2
votes

In a CUDA C project, I would like to try and use the Thrust library in order to find the maximum element inside an array of floats. It seems like the Thrust function thrust::max_element() is what I need. The array on which I want to use this function is the result of a cuda kernel (which seems to work fine) and so it is already present in device memory when calling thrust::max_element(). I am not very familiar with the Thrust library but after looking at the documentation for thrust::max_element() and reading the answers to similar questions on this site, I thought I had grasped the working principles of this process. Unfortunately I get wrong results and it seems that I am not using the library functions correctly. Can somebody please tell me what is wrong in my code?

float* deviceArray;
float* max;
int length = 1025;

*max = 0.0f;
size = (int) length*sizeof(float);     

cudaMalloc(&deviceArray, size);
cudaMemset(deviceArray, 0.0f, size);

// here I launch a cuda kernel which modifies deviceArray

thrust::device_ptr<float> d_ptr = thrust::device_pointer_cast(deviceArray);
*max = *(thrust::max_element(d_ptr, d_ptr + length));

I use the following headers:

#include <thrust/extrema.h>
#include <thrust/device_ptr.h>

I keep getting zero values for *max even though I am sure that deviceArray contains non-zero values after running the kernel. I am using nvcc as a compiler (CUDA 7.0) and I am running the code on a device with compute capability 3.5.

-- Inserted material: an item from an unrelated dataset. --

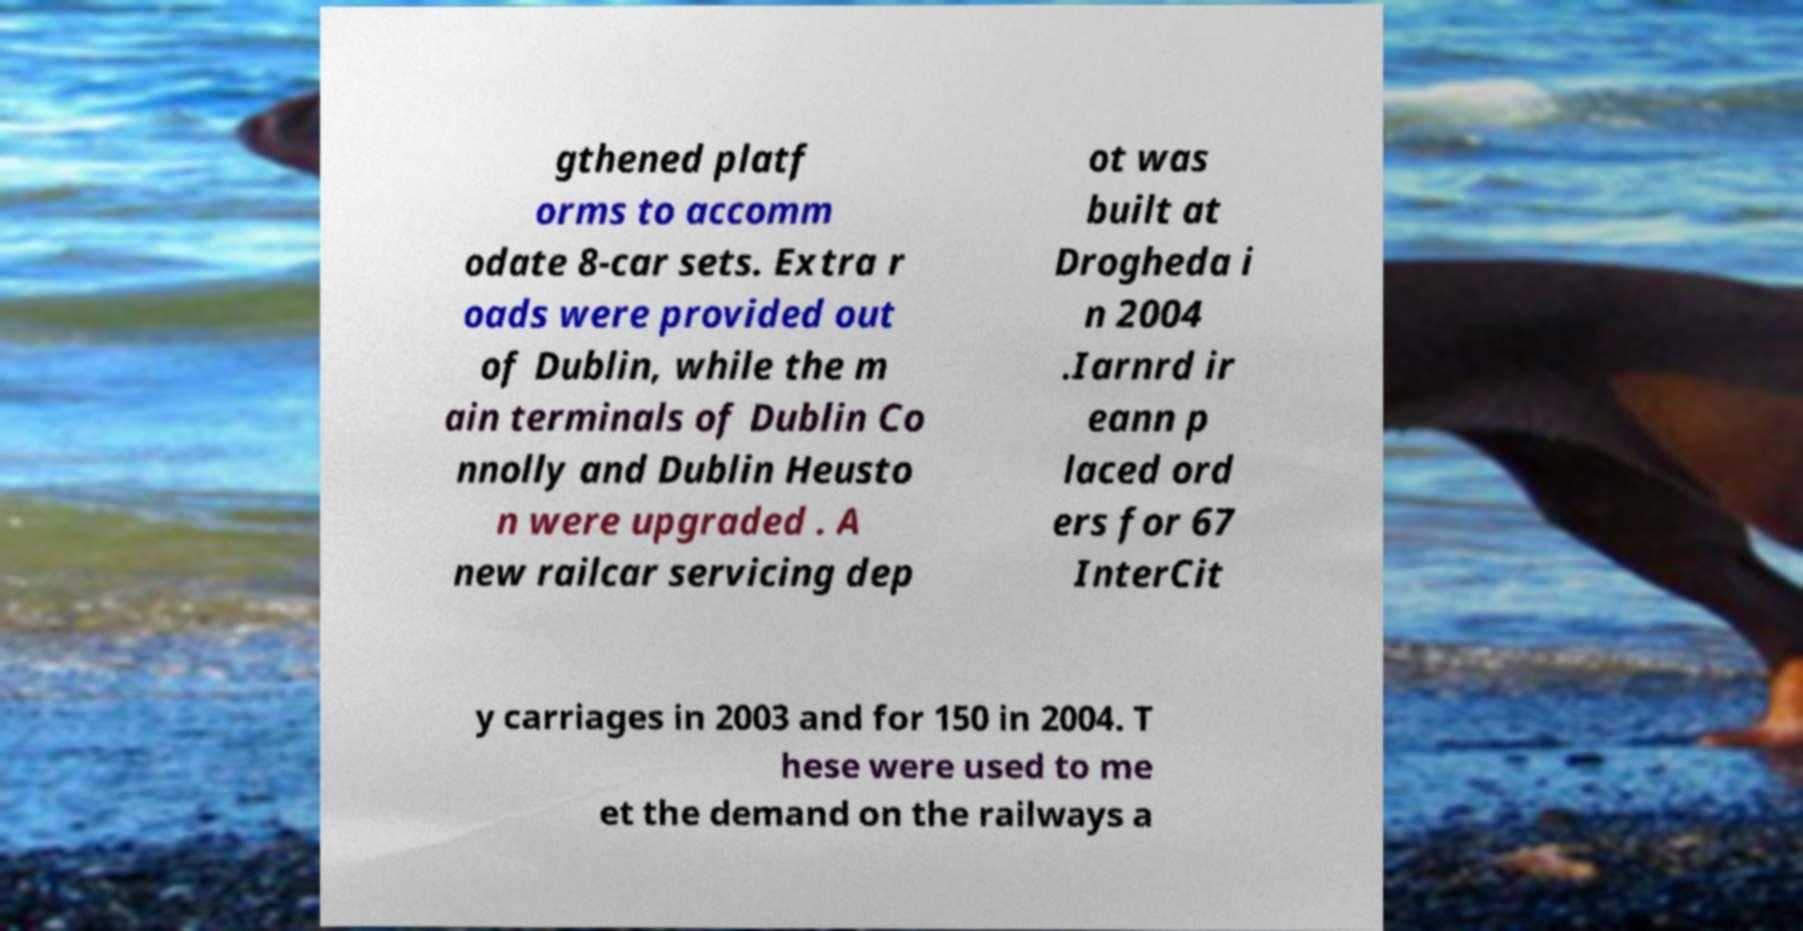Can you accurately transcribe the text from the provided image for me? gthened platf orms to accomm odate 8-car sets. Extra r oads were provided out of Dublin, while the m ain terminals of Dublin Co nnolly and Dublin Heusto n were upgraded . A new railcar servicing dep ot was built at Drogheda i n 2004 .Iarnrd ir eann p laced ord ers for 67 InterCit y carriages in 2003 and for 150 in 2004. T hese were used to me et the demand on the railways a 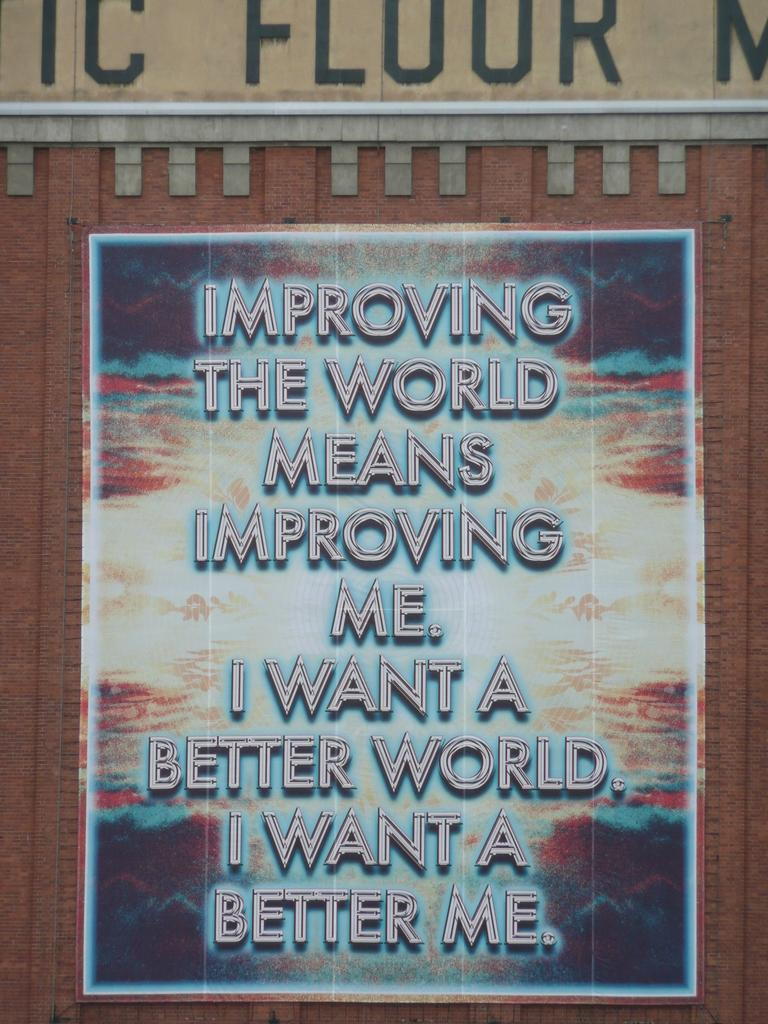<image>
Share a concise interpretation of the image provided. A large sign is on a brick wall with the quote, "Improving the world means improving me."

Any help would be much appreciated. Thanks.

1

1 Answers

3
votes

This is not proper C code:

float* max;
int length = 1025;

*max = 0.0f;

You're not allowed to store data using a pointer (max) until you properly provide an allocation for that pointer (and set the pointer equal to the address of that allocation).

Apart from that, the rest of your code seems to work for me:

$ cat t990.cu
#include <thrust/extrema.h>
#include <thrust/device_ptr.h>
#include <iostream>


int main(){

  float* deviceArray;
  float max, test;
  int length = 1025;

  max = 0.0f;
  test = 2.5f;
  int size = (int) length*sizeof(float);

  cudaMalloc(&deviceArray, size);
  cudaMemset(deviceArray, 0.0f, size);
  cudaMemcpy(deviceArray, &test, sizeof(float),cudaMemcpyHostToDevice);

  thrust::device_ptr<float> d_ptr = thrust::device_pointer_cast(deviceArray);
  max = *(thrust::max_element(d_ptr, d_ptr + length));
  std::cout << max << std::endl;
}
$ nvcc -o t990 t990.cu
$ ./t990
2.5
$